Estamos en la víspera de las fiestas patrias, en menos de tres semanas las principales plazas de cada ciudad, municipio y pueblo se pintarán con los colores nacionales. Un año después de haber celebrado el Bicentenario de la Independencia, aún se vive la resaca de tan grande celebración: obras inacabadas, un agotamiento de recursos y la severa crítica en medio de una crisis económica, las figuras de un magno desfile hoy se encuentran abandonadas en algún rincón de la ciudad tanto como en el recuerdo de los habitantes de este país.
¿Por qué? Quiero pensar que los procesos históricos se explican como una justificación al presente, se presentan héroes y villanos, sucesos relevantes y de hombres intachables. El mirador de la historia muestra un amplio panorama, casi un paisaje pintado con los colores del patriotismo, la justicia y la igualdad; sin embargo, al mirar sus detalles podremos ver trazos defectuosos, imperfecciones y omisiones que escapan a la vista del espectador, sin considerar la hipotética existencia de un boceto sucio, descuidado y corregido por más de una mano. El pueblo de México; es decir, la ciudadanía, son un actor destacado pero nunca activo en la escena histórica. ¿Me equivoco?
La historia mexicana fuera de los libros de textos es terrible: No hay héroes ni próceres, sólo hombres que más o menos con ideas buscaban el poder. Y visto así, la sociedad sólo fue el caudal que facilitaba la navegación de uno y otro proyecto político. Realmente no hay un momento de la historia en el que la sociedad haya influido decididamente el curso de la historia, es posible que en las dos últimas décadas del siglo XX hayamos observado un cambio, pero son muestras tímidas y que rápidamente se diluyeron en el vaivén político de nuestro sistema –ni siquiera el Movimiento de 1968 o el Ejército Zapatista de Liberación Nacional produjeron cambios significativos. Estamos cegados a contemplar estatuas y figuras de hombres que se ganaron un lugar en la historia pero sin saber realmente las razones que los llevaron ahí.

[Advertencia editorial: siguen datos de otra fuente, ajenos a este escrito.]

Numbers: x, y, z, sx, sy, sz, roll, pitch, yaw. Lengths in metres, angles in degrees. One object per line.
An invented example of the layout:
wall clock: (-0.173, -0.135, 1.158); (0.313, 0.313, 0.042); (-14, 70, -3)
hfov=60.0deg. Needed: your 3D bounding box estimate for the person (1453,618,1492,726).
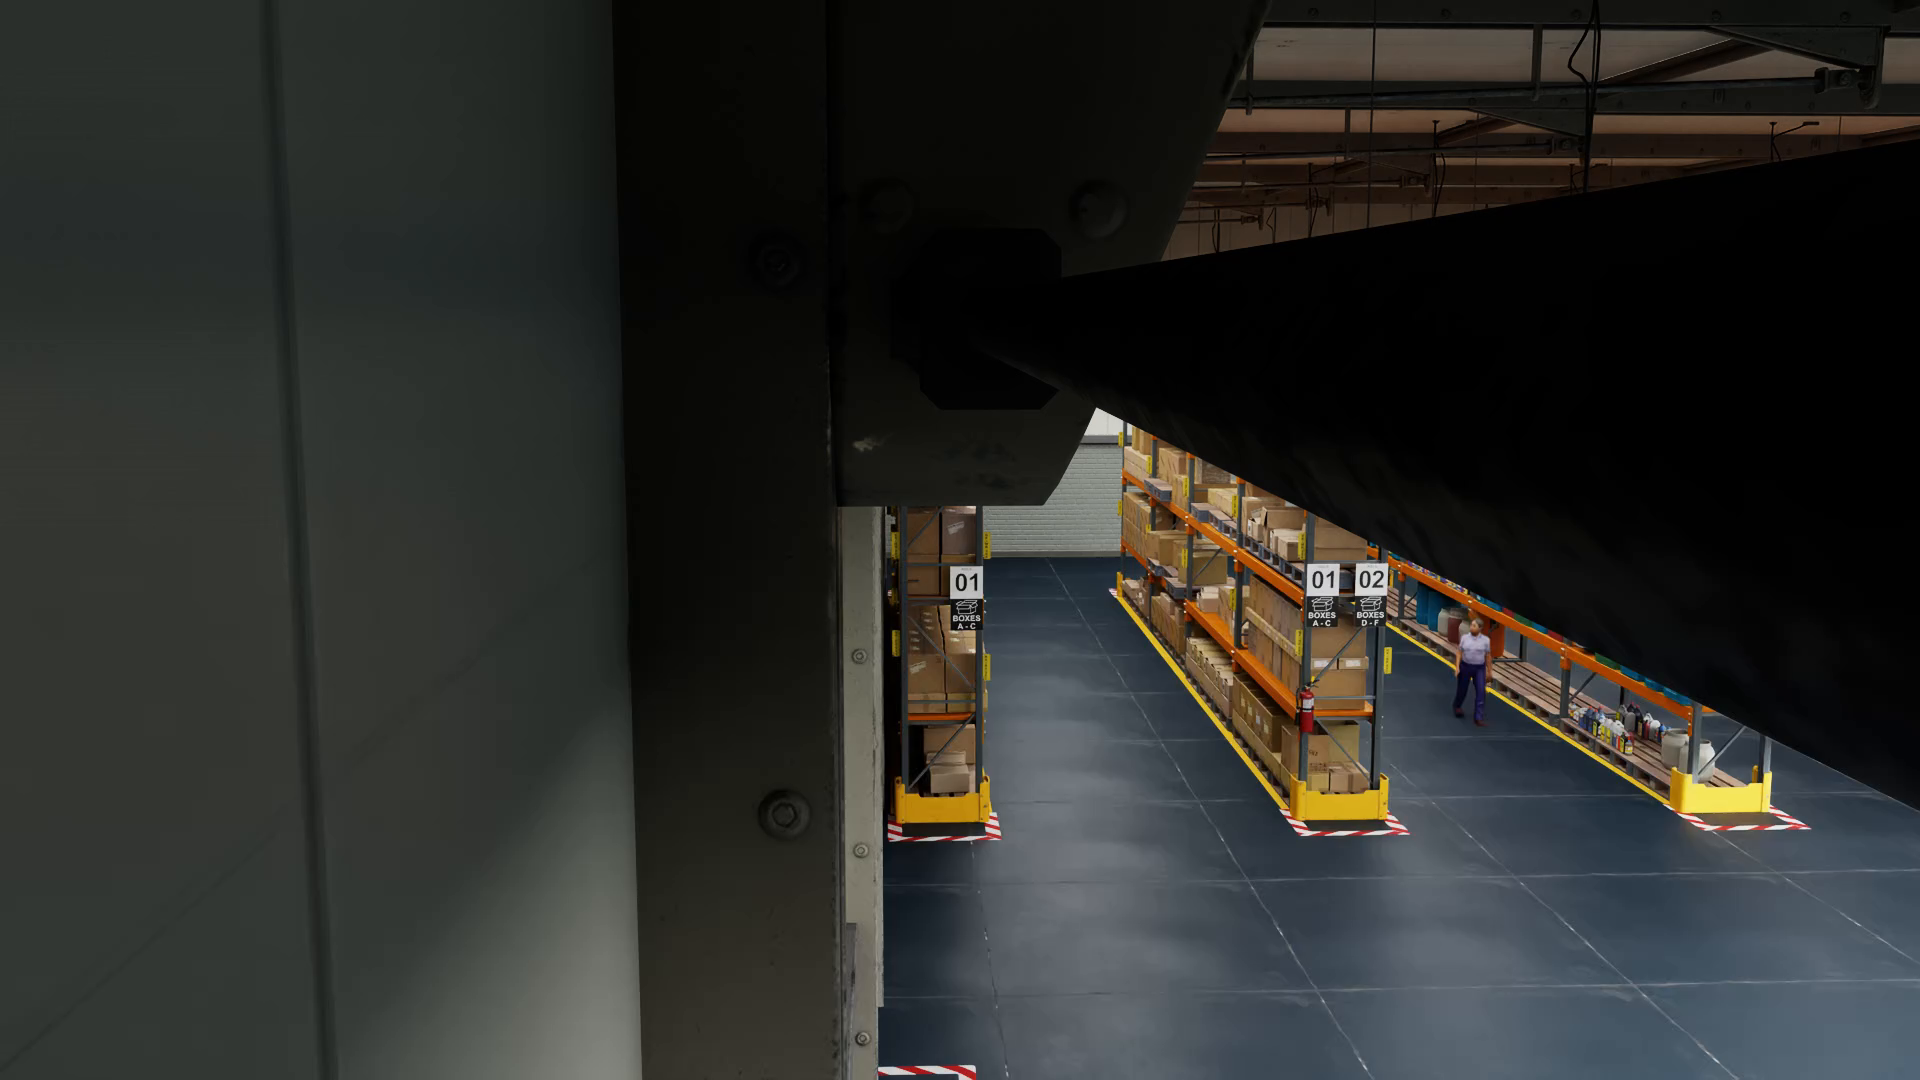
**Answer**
person: (7.820, 1.986, 25.370); (0.576, 1.603, 0.929); (0, 8, 3)
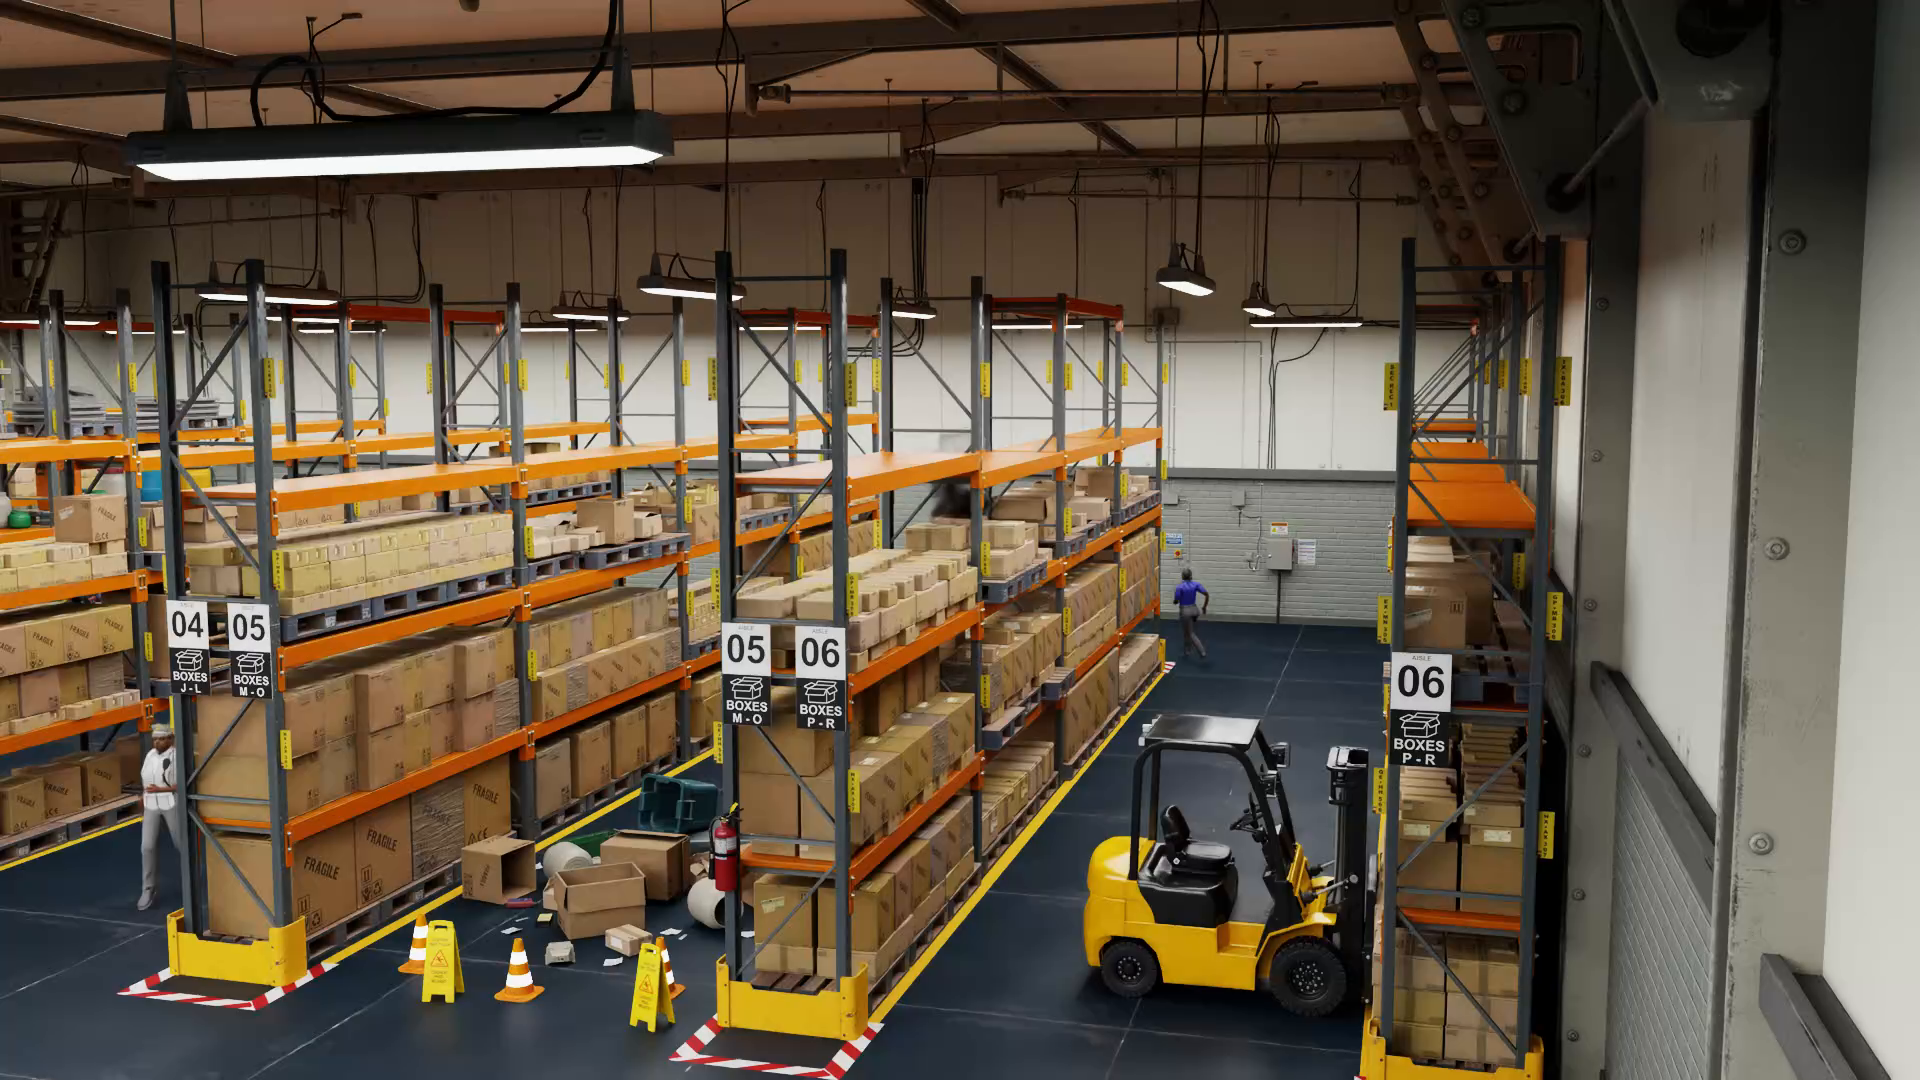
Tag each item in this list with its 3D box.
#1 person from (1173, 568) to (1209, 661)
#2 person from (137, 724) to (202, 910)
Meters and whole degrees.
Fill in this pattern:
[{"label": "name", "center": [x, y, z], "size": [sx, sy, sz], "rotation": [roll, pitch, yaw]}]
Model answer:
[{"label": "person", "center": [3.942, 1.298, 28.821], "size": [0.601, 1.649, 0.868], "rotation": [-3, 7, -25]}, {"label": "person", "center": [-7.688, 2.609, 16.108], "size": [0.566, 1.725, 0.872], "rotation": [0, 6, 3]}]
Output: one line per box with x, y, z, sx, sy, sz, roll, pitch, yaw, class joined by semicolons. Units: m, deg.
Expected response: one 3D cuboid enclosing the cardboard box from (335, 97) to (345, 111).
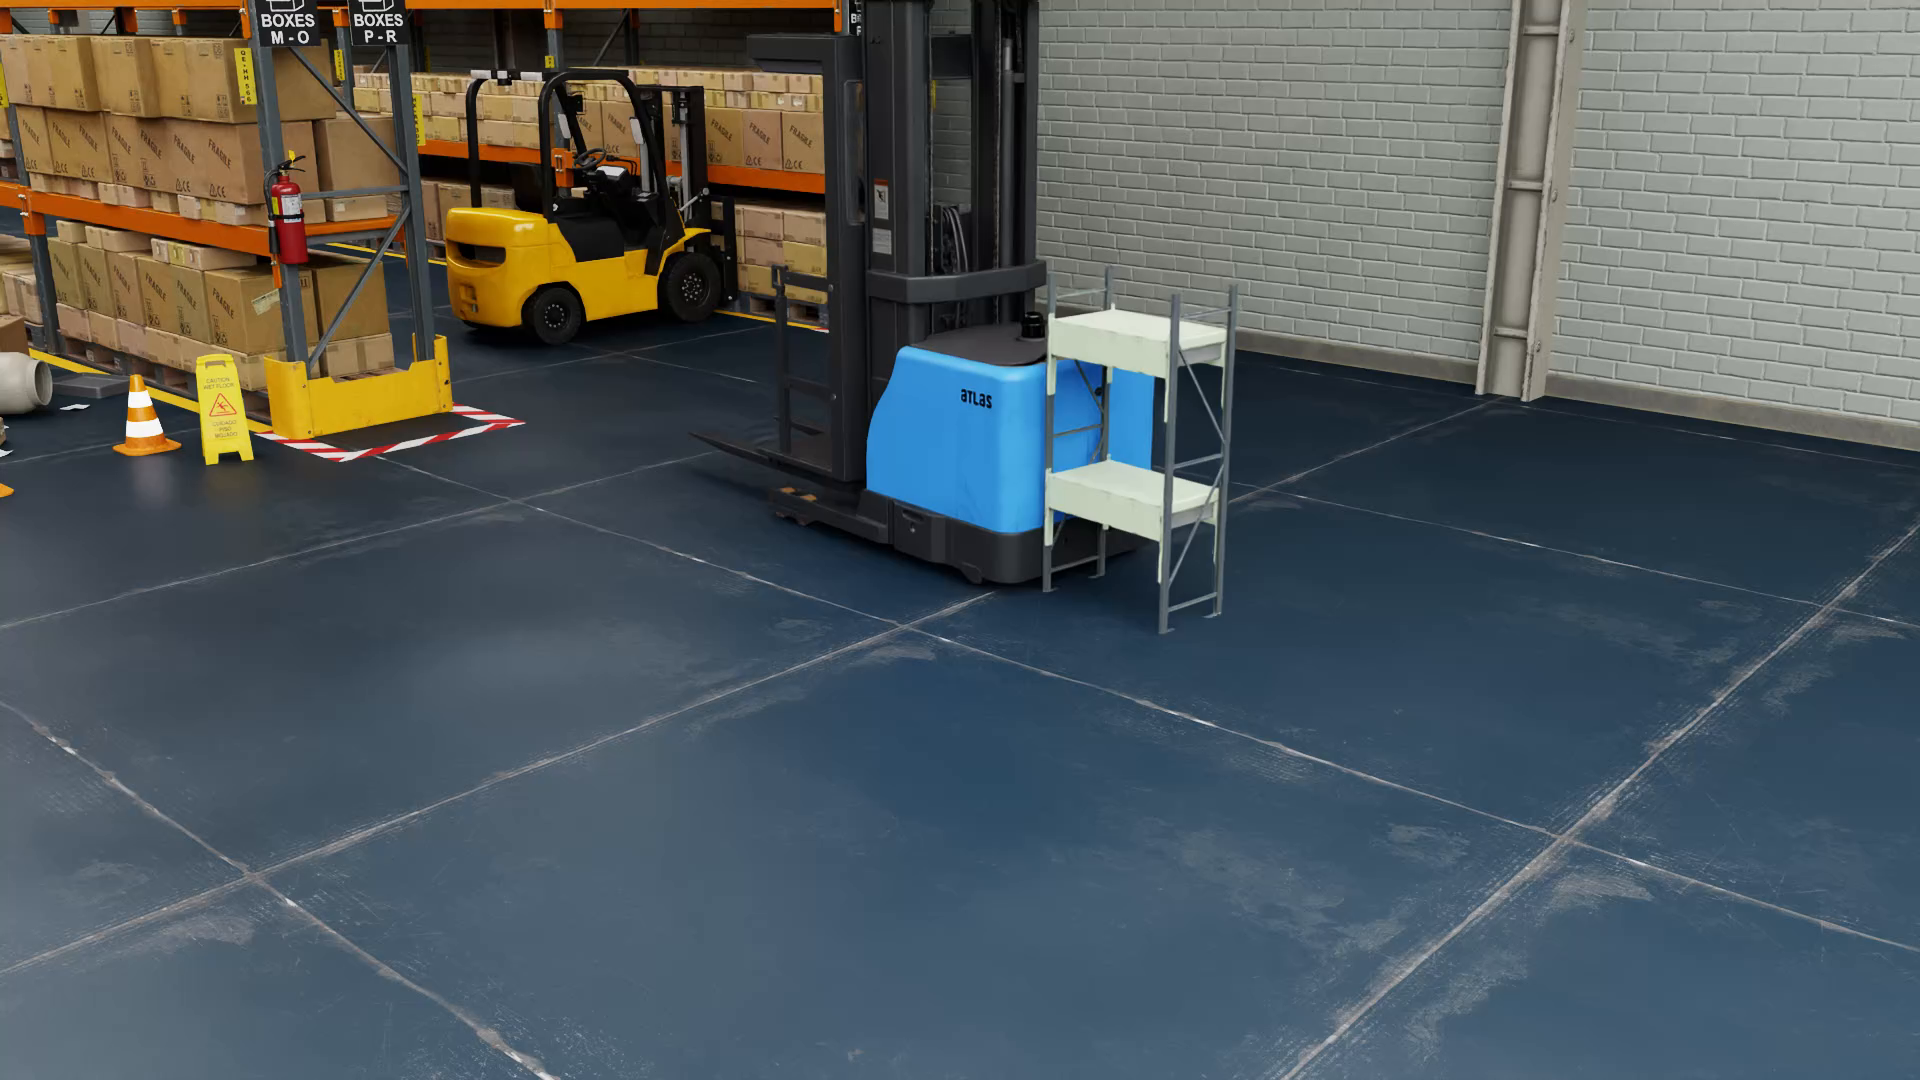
-7.355;-5.067;19.341;0.250;0.149;0.380;16;23;40;cardboard box

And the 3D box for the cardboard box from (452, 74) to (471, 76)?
-5.435;-5.083;18.430;0.250;0.149;0.380;15;23;39;cardboard box

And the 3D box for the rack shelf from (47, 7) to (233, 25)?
-11.097;-7.233;22.676;4.000;0.370;1.077;15;23;39;rack shelf

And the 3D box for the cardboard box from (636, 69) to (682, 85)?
-2.788;-4.304;15.485;0.250;0.149;0.380;15;23;38;cardboard box

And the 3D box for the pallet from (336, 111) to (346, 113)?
-7.163;-4.971;19.632;1.003;0.211;1.213;15;23;39;pallet

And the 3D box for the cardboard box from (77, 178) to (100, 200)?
-6.283;-2.616;12.313;0.250;0.149;0.380;16;24;41;cardboard box

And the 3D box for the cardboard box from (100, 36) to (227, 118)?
-5.268;-3.113;11.153;0.500;0.500;0.700;15;23;39;cardboard box

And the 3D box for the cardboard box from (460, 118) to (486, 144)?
-4.899;-4.316;17.499;0.500;0.250;0.500;15;23;40;cardboard box

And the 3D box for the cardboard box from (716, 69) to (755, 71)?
-2.073;-4.319;15.533;0.250;0.149;0.380;16;24;41;cardboard box

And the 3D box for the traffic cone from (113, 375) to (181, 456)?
-5.096;-0.797;10.358;0.334;0.463;0.336;15;23;39;traffic cone

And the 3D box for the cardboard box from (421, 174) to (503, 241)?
-5.658;-3.752;18.708;0.625;0.625;0.875;16;24;41;cardboard box

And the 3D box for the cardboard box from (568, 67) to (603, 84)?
-3.576;-4.506;16.123;0.250;0.149;0.380;16;23;40;cardboard box

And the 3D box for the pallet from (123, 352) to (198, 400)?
-5.467;-1.314;12.403;1.213;0.211;1.003;15;23;39;pallet

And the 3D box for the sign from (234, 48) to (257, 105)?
-4.301;-2.793;10.016;0.005;0.325;0.100;15;23;39;sign

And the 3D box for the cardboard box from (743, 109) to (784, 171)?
-1.550;-3.529;14.607;0.500;0.500;0.500;16;24;41;cardboard box

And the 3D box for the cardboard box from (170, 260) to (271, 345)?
-5.083;-1.665;11.510;0.500;0.500;0.500;16;24;41;cardboard box

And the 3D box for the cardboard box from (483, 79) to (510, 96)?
-4.658;-4.645;17.053;0.250;0.149;0.380;14;22;38;cardboard box

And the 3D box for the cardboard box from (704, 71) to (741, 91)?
-2.055;-4.092;14.817;0.250;0.149;0.380;16;23;40;cardboard box

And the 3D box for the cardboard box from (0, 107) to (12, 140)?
-7.407;-3.445;13.158;0.500;0.500;0.500;15;23;38;cardboard box

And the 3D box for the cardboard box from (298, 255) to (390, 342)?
-4.356;-1.688;11.583;0.500;0.500;0.500;14;22;37;cardboard box

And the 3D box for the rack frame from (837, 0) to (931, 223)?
-0.626;-3.336;14.163;0.127;3.000;1.000;15;23;39;rack frame

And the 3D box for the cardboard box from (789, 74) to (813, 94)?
-1.239;-3.901;14.215;0.250;0.149;0.380;15;23;39;cardboard box

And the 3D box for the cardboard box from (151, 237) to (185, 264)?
-5.391;-2.033;11.598;0.250;0.149;0.380;16;24;42;cardboard box

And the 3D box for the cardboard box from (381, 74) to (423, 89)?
-6.157;-5.069;18.387;0.250;0.149;0.380;16;24;41;cardboard box

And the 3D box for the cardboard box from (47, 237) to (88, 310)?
-6.648;-2.082;12.826;0.500;0.500;0.500;16;24;42;cardboard box

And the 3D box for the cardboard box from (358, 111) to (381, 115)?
-6.440;-4.726;18.792;0.500;0.250;0.500;15;23;39;cardboard box

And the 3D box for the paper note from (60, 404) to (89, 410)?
-6.100;-0.924;11.471;0.148;0.019;0.142;7;19;21;paper note

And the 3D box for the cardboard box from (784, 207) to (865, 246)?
-1.177;-2.724;14.433;0.500;0.250;0.500;16;24;41;cardboard box

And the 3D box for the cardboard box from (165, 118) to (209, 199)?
-4.878;-2.549;11.029;0.500;0.500;0.500;15;23;39;cardboard box

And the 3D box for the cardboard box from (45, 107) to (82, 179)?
-6.375;-2.957;12.315;0.500;0.500;0.500;15;23;39;cardboard box

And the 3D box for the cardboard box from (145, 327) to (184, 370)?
-5.478;-1.412;11.955;0.500;0.250;0.500;14;22;37;cardboard box

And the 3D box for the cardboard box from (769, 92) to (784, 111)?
-1.436;-3.809;14.418;0.250;0.149;0.380;16;23;40;cardboard box

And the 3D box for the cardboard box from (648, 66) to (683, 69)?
-2.811;-4.532;16.203;0.250;0.149;0.380;15;23;39;cardboard box

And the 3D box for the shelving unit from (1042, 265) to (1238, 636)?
0.787;-0.421;7.459;0.431;1.500;0.755;-15;23;-39;shelving unit

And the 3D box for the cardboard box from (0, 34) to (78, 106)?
-6.724;-3.544;12.509;0.500;0.500;0.700;15;23;39;cardboard box

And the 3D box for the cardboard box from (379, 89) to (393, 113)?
-6.066;-4.863;18.399;0.500;0.250;0.500;16;24;41;cardboard box

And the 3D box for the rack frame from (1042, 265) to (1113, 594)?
0.545;-0.504;7.721;0.400;1.500;0.023;-15;23;-39;rack frame

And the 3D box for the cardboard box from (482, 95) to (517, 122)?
-4.544;-4.448;17.090;0.500;0.250;0.500;14;23;38;cardboard box

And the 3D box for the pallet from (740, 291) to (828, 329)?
-1.226;-2.151;15.039;1.213;0.211;1.003;15;23;39;pallet

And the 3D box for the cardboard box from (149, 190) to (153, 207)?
-5.470;-2.430;11.725;0.250;0.149;0.380;15;23;39;cardboard box

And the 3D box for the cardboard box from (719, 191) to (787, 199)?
-1.981;-3.148;15.770;0.500;0.250;0.500;14;23;38;cardboard box

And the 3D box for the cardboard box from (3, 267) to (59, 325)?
-7.304;-2.067;13.817;0.625;0.372;0.950;15;23;40;cardboard box

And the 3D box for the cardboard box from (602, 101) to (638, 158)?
-3.059;-3.937;15.894;0.500;0.500;0.500;16;23;40;cardboard box

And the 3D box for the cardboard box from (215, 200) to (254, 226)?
-4.603;-2.145;10.826;0.250;0.149;0.380;15;23;39;cardboard box

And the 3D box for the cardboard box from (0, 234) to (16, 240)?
-9.485;-2.650;15.653;0.625;0.372;0.950;13;22;36;cardboard box

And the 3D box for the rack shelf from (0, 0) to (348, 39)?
-5.414;-3.700;11.543;4.000;0.370;1.077;15;23;39;rack shelf

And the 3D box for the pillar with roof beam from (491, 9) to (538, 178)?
-7.894;-6.769;15.066;0.400;9.000;9.100;15;23;39;pillar with roof beam

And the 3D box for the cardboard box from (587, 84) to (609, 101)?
-3.359;-4.320;16.029;0.250;0.149;0.380;16;23;41;cardboard box

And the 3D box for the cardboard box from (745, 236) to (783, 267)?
-1.565;-2.594;14.850;0.500;0.250;0.500;15;23;39;cardboard box

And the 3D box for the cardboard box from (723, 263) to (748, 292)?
-1.921;-2.453;15.232;0.500;0.250;0.500;15;23;40;cardboard box

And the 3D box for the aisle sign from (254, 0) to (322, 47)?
-4.064;-3.373;9.983;0.004;0.787;0.394;15;23;39;aisle sign

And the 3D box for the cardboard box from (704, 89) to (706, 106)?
-2.174;-4.021;15.086;0.250;0.149;0.380;15;23;39;cardboard box

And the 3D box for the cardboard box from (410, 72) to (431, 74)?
-6.232;-5.279;19.050;0.250;0.149;0.380;16;24;41;cardboard box

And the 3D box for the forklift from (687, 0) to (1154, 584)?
-0.385;-1.562;8.687;1.130;2.935;3.031;-15;23;-39;forklift

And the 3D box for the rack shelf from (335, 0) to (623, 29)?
-5.114;-5.627;17.614;4.000;0.370;1.077;15;23;39;rack shelf

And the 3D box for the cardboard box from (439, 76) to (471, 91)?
-5.336;-4.881;17.795;0.250;0.149;0.380;15;23;39;cardboard box

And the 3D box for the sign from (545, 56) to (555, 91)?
-3.971;-4.528;16.138;0.005;0.325;0.100;15;23;39;sign

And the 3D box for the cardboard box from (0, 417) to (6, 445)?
-6.238;-0.659;10.442;0.380;0.149;0.250;-6;18;-18;cardboard box

Los ciudadanos hemos sido y seremos carne de cañón. Sí, y no lo dudo. Como aquella pintura de Siqueiros o de O’Gorman en donde se vislumbra una conglomeración de hombres, armas, consignas y sombreros detrás de un caudillo, nos mantenemos así hoy: observando la historia desde la ventana de nuestra televisión o computadora, en lugar de machete llevamos un móvil. A pesar de vivir una serie de inconsistencias y quejarnos repetida y dolorosamente, terminamos siendo seducidos por las campañas publicitarias que los políticos despliegan a costa de nuestro trabajo y los recursos que emergen del gasto público, entonces nos utilizan porque sólo así y en masa funcionamos: para twittear, manifestarnos y seguir modas, para todo excepto para ser críticos y tener el valor de mostrar nuestro descontento en las urnas. No hemos sido capaces de generar un juicio propio, esperamos todo de los políticos sin hacer nada por nuestra propia iniciativa, así nos hemos acostumbrado a mirar la ilegalidad, la corrupción y el crimen como algo cotidiano y tan –tristemente insistimos– propio de nuestra cultura nacional. Somos víctimas de la historia pero también somos unos apáticos.